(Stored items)
· · · · ·

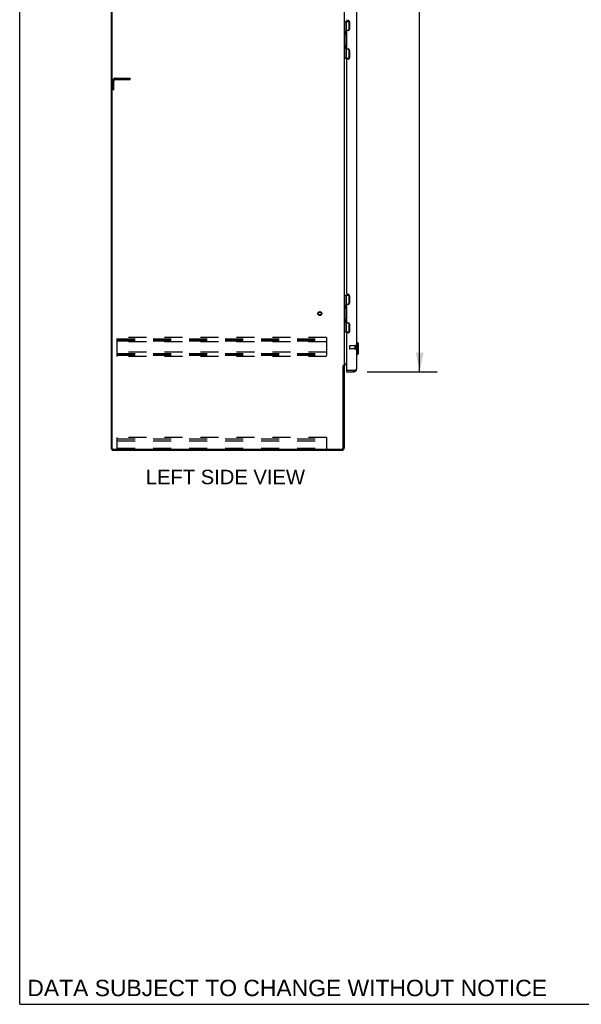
# Model space of a CAD drawing. Header units: inches. Extents: x 0 to 281, y 0 to 182.
# Tile 1 of 19: x 0 to 48, y 0 to 85. Entities that reach past the tile are written whole.
import ezdxf

# ---------------------------------------------------------------- set-up
doc = ezdxf.new("R2010")
doc.units = ezdxf.units.IN
doc.header["$LTSCALE"] = 15.47
doc.header["$MEASUREMENT"] = 0
doc.linetypes.add('HIDDEN', pattern=[0.2, 0.1, -0.1])
doc.layers.get('0').update_dxf_attribs({"linetype": 'CONTINUOUS'})
for name, color, linetype in [('02___PRT_ALL_AXES', 7, 'CONTINUOUS'), ('DEFAULT_2', 8, 'HIDDEN'), ('DIMENSIONS', 7, 'CONTINUOUS')]:
    doc.layers.add(name, color=color, linetype=linetype)
doc.styles.get("Standard").update_dxf_attribs({"font": 'arial.ttf'})
doc.dimstyles.new('DIMSTYLE_1', dxfattribs={"dimtxt": 1.240909, "dimasz": 1.654545, "dimexe": 0.09, "dimexo": 0.07, "dimgap": 0.0375, "dimtad": 0, "dimtih": 1, "dimtoh": 1, "dimzin": 4, "dimdsep": 46, "dimtxsty": 'Standard', "dimblk": '_FILLED', "dimblk1": '_FILLED', "dimblk2": '_FILLED', "dimcen": 0.09, "dimazin": 1, "dimtfac": 1, "dimtofl": 0, "dimtmove": 0, "dimatfit": 3, "dimldrblk": '_FILLED', "dimfxl": 0, "dimtolj": 1, "dimtzin": 4, "dimarcsym": 0})

# ---------------------------------------------------------------- blocks, each defined once
blk = doc.blocks.new('_FILLED')
at = {"color": 0, "linetype": 'ByBlock'}
blk.add_solid([(0, 0), (-1, 0.2), (-1, -0.2)], dxfattribs=at)
blk = doc.blocks.new('*D21')
at = {"layer": 'DIMENSIONS', "color": 2, "linetype": 'Continuous'}
for p, q in [((29.849, 134.789), (35.845, 134.789)), ((34.356, 134.789), (34.356, 96.316)), ((34.356, 54.289), (34.356, 91.973)), ((29.849, 54.289), (35.845, 54.289))]:
    blk.add_line(p, q, dxfattribs=at)
at = {"layer": 'DIMENSIONS', "color": 2, "linetype": 'Continuous', "xscale": 1.6545454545, "yscale": 1.6545454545, "zscale": 1.6545454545}
for p, rotation in [((34.356, 134.789), 90), ((34.356, 54.289), 270)]:
    blk.add_blockref('_FILLED', p, dxfattribs=dict(at, rotation=rotation))
at = {"layer": 'DIMENSIONS', "color": 2, "linetype": 'Continuous', "insert": (34.356, 95.695), "char_height": 1.2409, "width": 6.34755, "attachment_point": 2, "line_spacing_factor": 0.9}
blk.add_mtext('80.50\\PDOORS', dxfattribs=at)

msp = doc.modelspace()

# ---------------------------------------------------------------- linework, layer by layer
at = {"color": 7, "linetype": 'Continuous'}
for p, q in [((0, 0), (0, 182)), ((7.884, 47.643), (7.884, 137.435)), ((27.884, 84.363), (28.327, 84.363)), ((27.923, 81.214), (27.923, 84.363)), ((28.061, 83.574), (28.061, 84.363)), ((28.278, 84.363), (28.278, 83.597)), ((27.997, 83.51), (28.061, 83.574)), ((27.997, 83.51), (27.997, 83.248)), ((27.997, 83.248), (28.061, 83.185)), ((28.013, 83.232), (28.013, 83.526)), ((28.061, 82.393), (28.061, 83.185)), ((28.258, 83.586), (28.198, 83.586)), ((27.997, 82.329), (28.061, 82.393)), ((27.997, 82.067), (27.997, 82.329)), ((27.997, 82.067), (28.061, 82.003)), ((28.013, 82.051), (28.013, 82.345)), ((28.061, 81.214), (28.061, 82.003)), ((28.198, 81.991), (28.258, 81.991)), ((28.278, 81.98), (28.278, 81.214)), ((27.884, 81.214), (28.327, 81.214)), ((7.936, 78.935), (7.884, 78.935)), ((27.884, 60.863), (28.327, 60.863)), ((27.923, 57.714), (27.923, 60.863)), ((28.061, 60.074), (28.061, 60.863)), ((28.278, 60.863), (28.278, 60.097)), ((27.997, 60.01), (28.061, 60.074)), ((27.997, 60.01), (27.997, 59.748)), ((28.013, 59.732), (28.013, 60.026)), ((28.258, 60.086), (28.198, 60.086)), ((27.997, 59.748), (28.061, 59.685)), ((28.061, 58.893), (28.061, 59.685)), ((27.997, 58.829), (28.061, 58.893)), ((27.997, 58.567), (27.997, 58.829)), ((27.997, 58.567), (28.061, 58.503)), ((28.013, 58.551), (28.013, 58.845)), ((28.061, 57.714), (28.061, 58.503)), ((28.198, 58.491), (28.258, 58.491)), ((28.278, 58.48), (28.278, 57.714)), ((27.884, 57.714), (28.327, 57.714)), ((28.977, 56.84), (28.938, 56.84)), ((29.095, 56.722), (28.977, 56.84)), ((28.977, 55.738), (28.977, 56.84)), ((29.095, 55.856), (29.095, 56.722)), ((29.095, 55.856), (28.977, 55.738)), ((28.977, 55.738), (28.938, 55.738)), ((27.78, 54.779), (27.884, 54.779)), ((28.084, 54.393), (28.104, 54.393)), ((28.084, 54.393), (28.084, 54.289)), ((28.691, 54.289), (28.691, 54.393)), ((7.884, 47.643), (7.999, 47.643)), ((7.936, 47.643), (7.936, 47.539)), ((0, 0), (281.273, 0))]:
    msp.add_line(p, q, dxfattribs=at)
at = {"color": 3, "linetype": 'Continuous'}
for p, q in [((7.936, 47.705), (7.936, 137.372)), ((28.938, 134.542), (28.938, 54.535)), ((27.884, 134.246), (27.884, 54.831)), ((28.144, 84.454), (28.204, 84.454)), ((28.334, 84.324), (28.334, 83.704)), ((28.084, 83.514), (28.084, 82.063)), ((28.204, 83.574), (28.144, 83.574)), ((28.144, 82.003), (28.204, 82.003)), ((28.334, 81.873), (28.334, 81.253)), ((28.084, 81.063), (28.084, 61.014)), ((28.204, 81.123), (28.144, 81.123)), ((28.144, 60.954), (28.204, 60.954)), ((28.084, 60.014), (28.084, 58.563)), ((28.204, 60.074), (28.144, 60.074)), ((28.334, 60.824), (28.334, 60.204)), ((28.144, 58.503), (28.204, 58.503)), ((28.334, 58.373), (28.334, 57.753)), ((28.084, 57.563), (28.084, 54.413)), ((28.204, 57.623), (28.144, 57.623)), ((27.924, 54.987), (28.084, 54.987)), ((28.084, 54.935), (28.027, 54.935)), ((27.78, 47.786), (27.78, 54.79)), ((27.884, 54.831), (27.809, 54.831)), ((27.884, 54.792), (27.884, 47.785)), ((28.084, 54.289), (28.691, 54.289)), ((28.691, 54.393), (28.104, 54.393)), ((28.691, 54.393), (28.723, 54.405)), ((27.638, 47.539), (7.936, 47.539)), ((7.999, 47.643), (27.637, 47.643))]:
    msp.add_line(p, q, dxfattribs=at)
for points in [[(27.904, 54.963), (27.899, 54.961), (27.897, 54.96), (27.894, 54.958), (27.892, 54.957), (27.89, 54.955), (27.888, 54.954), (27.886, 54.952), (27.885, 54.951), (27.885, 54.949), (27.884, 54.947), (27.884, 54.946)], [(27.924, 54.987), (27.924, 54.984), (27.924, 54.982), (27.924, 54.98), (27.923, 54.979), (27.922, 54.977), (27.921, 54.975), (27.919, 54.973), (27.918, 54.972), (27.916, 54.97), (27.914, 54.969), (27.912, 54.967), (27.909, 54.966), (27.907, 54.965), (27.904, 54.963)], [(27.793, 54.812), (27.791, 54.808), (27.79, 54.807), (27.79, 54.805), (27.789, 54.803), (27.788, 54.802), (27.786, 54.8), (27.785, 54.798), (27.784, 54.796), (27.783, 54.795), (27.782, 54.793), (27.78, 54.79)], [(27.809, 54.831), (27.808, 54.83), (27.806, 54.828), (27.804, 54.826), (27.802, 54.825), (27.801, 54.823), (27.8, 54.822), (27.799, 54.821), (27.798, 54.819), (27.797, 54.818), (27.796, 54.817), (27.795, 54.815), (27.794, 54.814), (27.793, 54.812)], [(28.723, 54.405), (28.739, 54.41), (28.755, 54.416), (28.77, 54.422)], [(28.77, 54.422), (28.785, 54.428), (28.8, 54.434), (28.814, 54.44), (28.828, 54.446), (28.841, 54.452), (28.854, 54.458), (28.865, 54.464), (28.876, 54.47), (28.887, 54.476), (28.896, 54.482), (28.905, 54.488), (28.912, 54.494), (28.919, 54.5), (28.924, 54.505), (28.929, 54.511), (28.933, 54.517), (28.935, 54.523), (28.937, 54.529), (28.938, 54.535)]]:
    msp.add_lwpolyline(points, dxfattribs=at)
for centre, radius, start, end in [((28.144, 84.514), 0.06, 179.99992, 270), ((28.204, 84.324), 0.13, 0, 90), ((28.204, 83.704), 0.13, 270, 360), ((28.144, 83.514), 0.06, 90, 179.99985), ((28.144, 82.063), 0.06, 179.99992, 270), ((28.204, 81.873), 0.13, 0, 90), ((28.204, 81.253), 0.13, 270, 360), ((28.144, 81.063), 0.06, 90, 179.99985), ((28.144, 61.014), 0.06, 179.99992, 270), ((28.204, 60.824), 0.13, 0, 90), ((28.144, 60.014), 0.06, 90, 179.99985), ((28.204, 60.204), 0.13, 270, 360), ((28.144, 58.563), 0.06, 179.99992, 270), ((28.204, 58.373), 0.13, 0, 90), ((28.144, 57.563), 0.06, 90, 179.99985), ((28.204, 57.753), 0.13, 270, 360), ((28.027, 54.792), 0.142, 90, 180), ((28.104, 54.413), 0.02, 180, 270), ((28.691, 54.535), 0.246, 270, 360), ((7.999, 47.705), 0.0625, 180, 270), ((27.637, 47.786), 0.143, 270, 360), ((27.638, 47.785), 0.246, 270, 360)]:
    msp.add_arc(centre, radius, start, end, dxfattribs=at)
at = {"color": 7, "linetype": 'Continuous'}
for centre, radius, start, end in [((27.998, 83.482), 0.116, 34.38304, 57.15809), ((27.998, 83.276), 0.116, 302.84191, 317.28032), ((28.534, 83.009), 0.472, 162.30808, 180), ((28.534, 82.568), 0.472, 180, 197.69192), ((27.998, 82.301), 0.116, 42.71968, 57.15809), ((27.998, 82.095), 0.116, 302.84191, 325.61488), ((27.998, 59.982), 0.116, 34.38304, 57.15809), ((27.998, 59.776), 0.116, 302.84191, 317.28032), ((28.534, 59.509), 0.472, 162.30808, 180), ((28.534, 59.068), 0.472, 180, 197.69192), ((27.998, 58.801), 0.116, 42.71968, 57.15809), ((27.998, 58.595), 0.116, 302.84191, 325.61488), ((28.691, 54.535), 0.142, 270, 311.33874), ((28.774, 54.679), 0.26, 267.38818, 270)]:
    msp.add_arc(centre, radius, start, end, dxfattribs=at)
at = {"layer": '02___PRT_ALL_AXES', "color": 8, "linetype": 'HIDDEN'}
for p, q in [((28.791, 56.517), (28.344, 56.517)), ((28.791, 56.269), (28.344, 56.269)), ((28.791, 56.517), (28.791, 56.269))]:
    msp.add_line(p, q, dxfattribs=at)
msp.add_circle((25.78, 59.289), 0.124, dxfattribs=at)
at = {"layer": 'DEFAULT_2', "color": 8, "linetype": 'HIDDEN'}
for p, q in [((8.235, 79.497), (9.488, 79.497)), ((9.488, 79.393), (9.488, 79.497)), ((7.988, 78.497), (7.988, 79.251)), ((8.092, 78.497), (8.092, 79.251)), ((8.235, 79.393), (9.488, 79.393)), ((8.092, 78.497), (7.988, 78.497)), ((26.363, 57.226), (8.363, 57.226)), ((8.363, 55.601), (8.363, 57.226)), ((8.363, 57.122), (26.363, 57.122)), ((8.363, 57.032), (26.363, 57.032)), ((8.363, 56.955), (26.363, 56.955)), ((26.363, 56.851), (8.363, 56.851)), ((26.363, 57.226), (26.363, 55.601)), ((26.363, 55.976), (8.363, 55.976)), ((8.363, 55.872), (26.363, 55.872)), ((8.363, 55.782), (26.363, 55.782)), ((28.334, 56.507), (28.334, 56.279)), ((28.791, 56.535), (28.791, 56.251)), ((28.834, 56.535), (28.834, 56.251)), ((8.363, 55.705), (26.363, 55.705)), ((26.363, 55.601), (8.363, 55.601)), ((26.363, 48.643), (8.363, 48.643)), ((8.363, 47.643), (8.363, 48.643)), ((8.363, 48.539), (26.363, 48.539)), ((8.363, 48.538), (26.363, 48.538)), ((8.363, 48.361), (26.363, 48.361)), ((26.363, 48.643), (26.363, 47.643)), ((8.363, 47.747), (26.363, 47.747))]:
    msp.add_line(p, q, dxfattribs=at)
for radius in [0.164, 0.124]:
    msp.add_circle((25.78, 59.289), radius, dxfattribs=at)
for centre, radius, start, end in [((8.235, 79.251), 0.246, 90, 180), ((8.235, 79.251), 0.142, 90, 180), ((28.344, 56.507), 0.01, 90, 180), ((28.344, 56.279), 0.01, 180, 270), ((28.812, 56.535), 0.0215, 0, 180), ((28.812, 56.251), 0.0215, 180, 360)]:
    msp.add_arc(centre, radius, start, end, dxfattribs=at)

# ---------------------------------------------------------------- texts
at = {"layer": 'DIMENSIONS', "color": 2, "linetype": 'Continuous', "attachment_point": 2, "line_spacing_factor": 0.9}
for s, insert, char_height, width in [('LEFT SIDE VIEW', (17.669, 45.881), 1.24091, 13.64539), ('DATA SUBJECT TO CHANGE WITHOUT NOTICE', (22.978, 2.106), 1.40636, 44.55402)]:
    msp.add_mtext(s, dxfattribs=dict(at, insert=insert, char_height=char_height, width=width))

# ---------------------------------------------------------------- dimensions: what is measured, and where the dimension line sits
at = {"layer": 'DIMENSIONS', "color": 2, "linetype": 'Continuous'}
dim = msp.add_linear_dim(base=(34.356, 54.289), p1=(29.779, 134.789), p2=(29.779, 54.289), angle=270, text='<>\\PDOORS', dimstyle='DIMSTYLE_1', dxfattribs=at)
dim.commit()
dim.dimension.update_dxf_attribs({"geometry": '*D21', "text_midpoint": (34.356, 94.144), "dimtype": 160})

doc.saveas('drawing.dxf')

· · · · ·

## To do:
Above are the records. Copy the lines beginning at the one that has "blk.add_solid([(0, 0), (-1, 0.2), (-1, -0.2)], dxfattribs=at)" and ending with the one that has "blk.add_line(p, q, dxfattribs=at)", unchanged.

## Answer to this problem:
blk.add_solid([(0, 0), (-1, 0.2), (-1, -0.2)], dxfattribs=at)
blk = doc.blocks.new('*D21')
at = {"layer": 'DIMENSIONS', "color": 2, "linetype": 'Continuous'}
for p, q in [((29.849, 134.789), (35.845, 134.789)), ((34.356, 134.789), (34.356, 96.316)), ((34.356, 54.289), (34.356, 91.973)), ((29.849, 54.289), (35.845, 54.289))]:
    blk.add_line(p, q, dxfattribs=at)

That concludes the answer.